Many are debating the question of how vulnerable Apple’s OS X operating system is relative to Windows. You essentially have two sides — one saying that it’s inherently more secure (and hence less successfully attacked), and the other side saying that it’s only because of marketshare that there haven’t been more issues.

A Model

Well, I think I have a model for explaining the interaction between these two theories. Essentially, OS X has issues just like FreeBSD, Linux, Windows, or any other OS does; the issues just haven’t surfaced yet because of the lack of interest in exploiting such a small userbase. Where people go wrong, however, is assuming that it’s going to get as bad as Windows has been. It’s not.

Conceptualize this as if there are two ratings — one is the potential for attack, and the second is the degree to which the potential has been actualized.

Well, let us say that Windows has a 90% potential with an 80% actualized. In other words it’s highly vulnerable and has been and is being exploited nearly to that potential. OS X, on the other hand, has a much lower potential — say in the 50% range — but it’s seen virtually no exposure due to the lack of interest from attackers (due to limited marketshare). I’d say it’s actualized rating is around 5%.

The Future

What this means is that over the next year or so you’re going to see a massive increase in the flaws found in OS X due to the exponential increase in its popularity. Notice that using my model and numbers this means that OS X has 45% of its vulnerability potential untapped, whereas Windows only has 10%.

This doesn’t mean it’s more vulnerable — only that more of its vulnerability is yet undiscovered and unexploited.

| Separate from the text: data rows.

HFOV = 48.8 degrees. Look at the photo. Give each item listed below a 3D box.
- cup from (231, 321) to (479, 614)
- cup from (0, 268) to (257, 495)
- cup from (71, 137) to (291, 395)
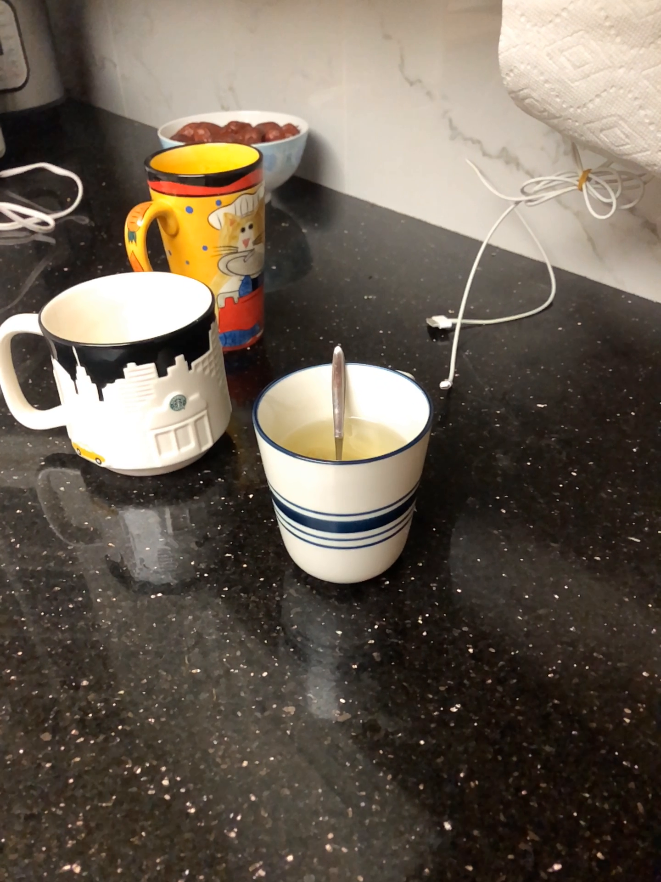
[{"bbox_3d":[0.017,0.011,0.398,0.100,0.109,0.090,12,37,18],"label":"cup"},{"bbox_3d":[-0.136,-0.042,0.484,0.150,0.109,0.101,2,36,5],"label":"cup"},{"bbox_3d":[-0.107,-0.141,0.574,0.090,0.149,0.131,16,39,23],"label":"cup"}]
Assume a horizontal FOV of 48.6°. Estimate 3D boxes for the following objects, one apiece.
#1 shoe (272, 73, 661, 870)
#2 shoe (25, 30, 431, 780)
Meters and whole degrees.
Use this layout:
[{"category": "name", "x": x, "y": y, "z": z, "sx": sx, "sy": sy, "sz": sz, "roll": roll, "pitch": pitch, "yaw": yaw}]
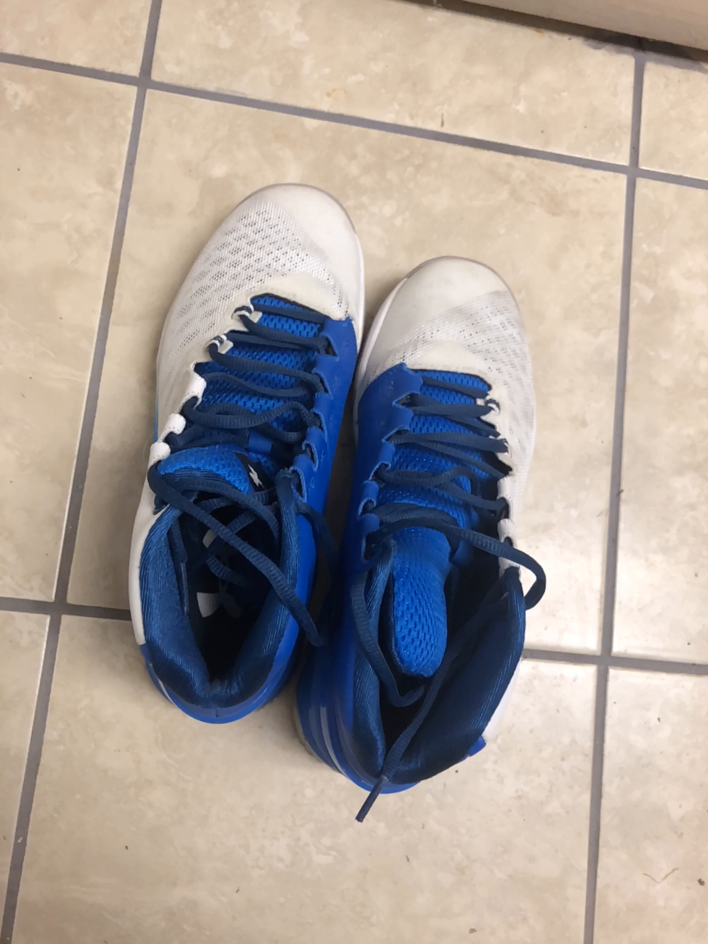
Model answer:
[{"category": "shoe", "x": 0.050, "y": -0.002, "z": 0.390, "sx": 0.120, "sy": 0.130, "sz": 0.322, "roll": 11, "pitch": 78, "yaw": -6}, {"category": "shoe", "x": -0.053, "y": -0.030, "z": 0.383, "sx": 0.120, "sy": 0.100, "sz": 0.310, "roll": 10, "pitch": 81, "yaw": -6}]
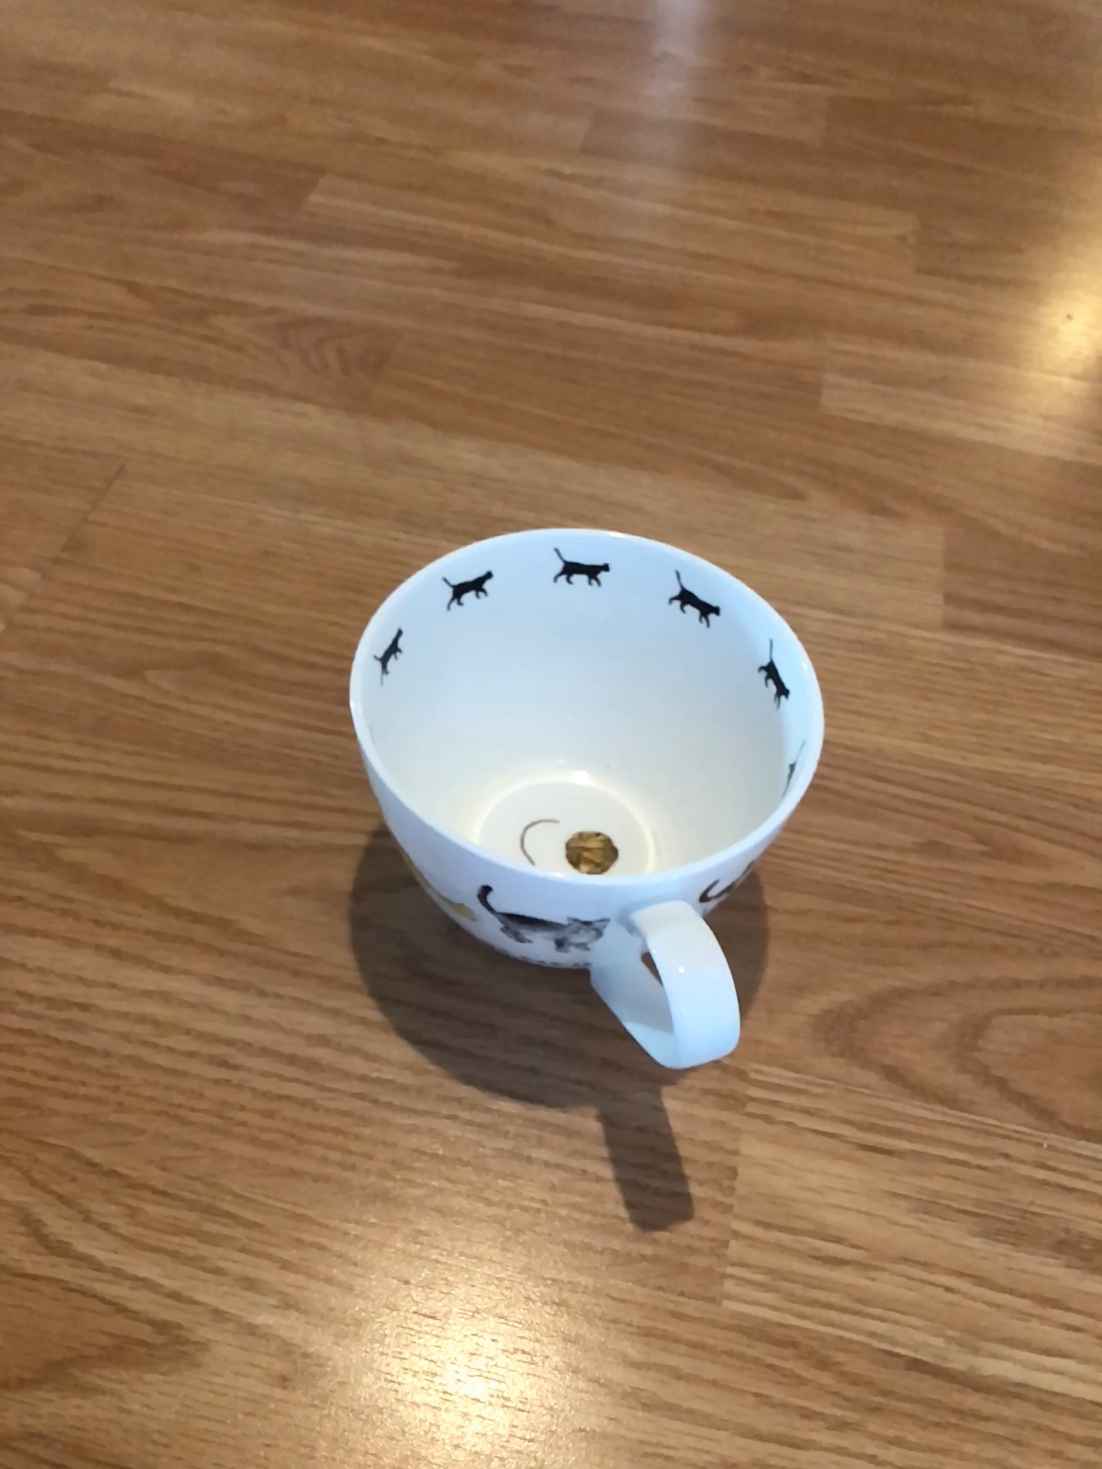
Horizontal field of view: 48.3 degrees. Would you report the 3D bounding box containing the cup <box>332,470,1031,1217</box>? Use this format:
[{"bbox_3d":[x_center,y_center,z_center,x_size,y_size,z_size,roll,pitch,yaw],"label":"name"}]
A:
[{"bbox_3d":[0.019,0.019,0.327,0.120,0.080,0.161,-11,52,-14],"label":"cup"}]
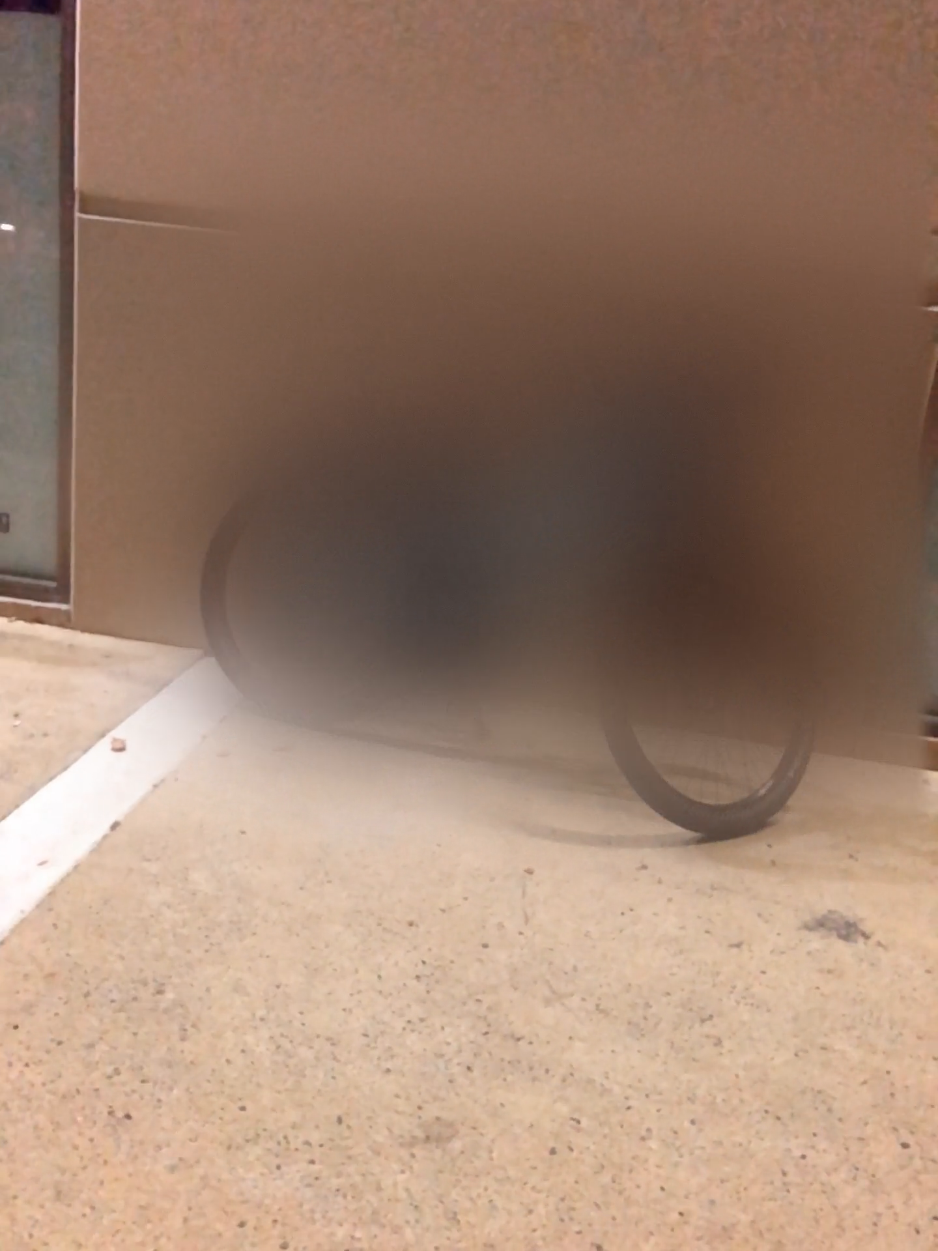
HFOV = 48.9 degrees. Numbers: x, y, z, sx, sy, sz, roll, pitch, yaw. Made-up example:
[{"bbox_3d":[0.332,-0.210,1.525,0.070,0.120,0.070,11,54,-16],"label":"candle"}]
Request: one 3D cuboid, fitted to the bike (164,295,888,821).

So, all the Mac zealots who think their platform is invulnerable are in for a violent awakening. On the flip side, all the Microsoft disciples who think OS X is about to be rocked the same degree that Windows has been are equally off track.

As with most debates, the extremes seem to have major issues with their arguments. The truth always ends up incorporating elements from both sides and falling somewhere in the middle.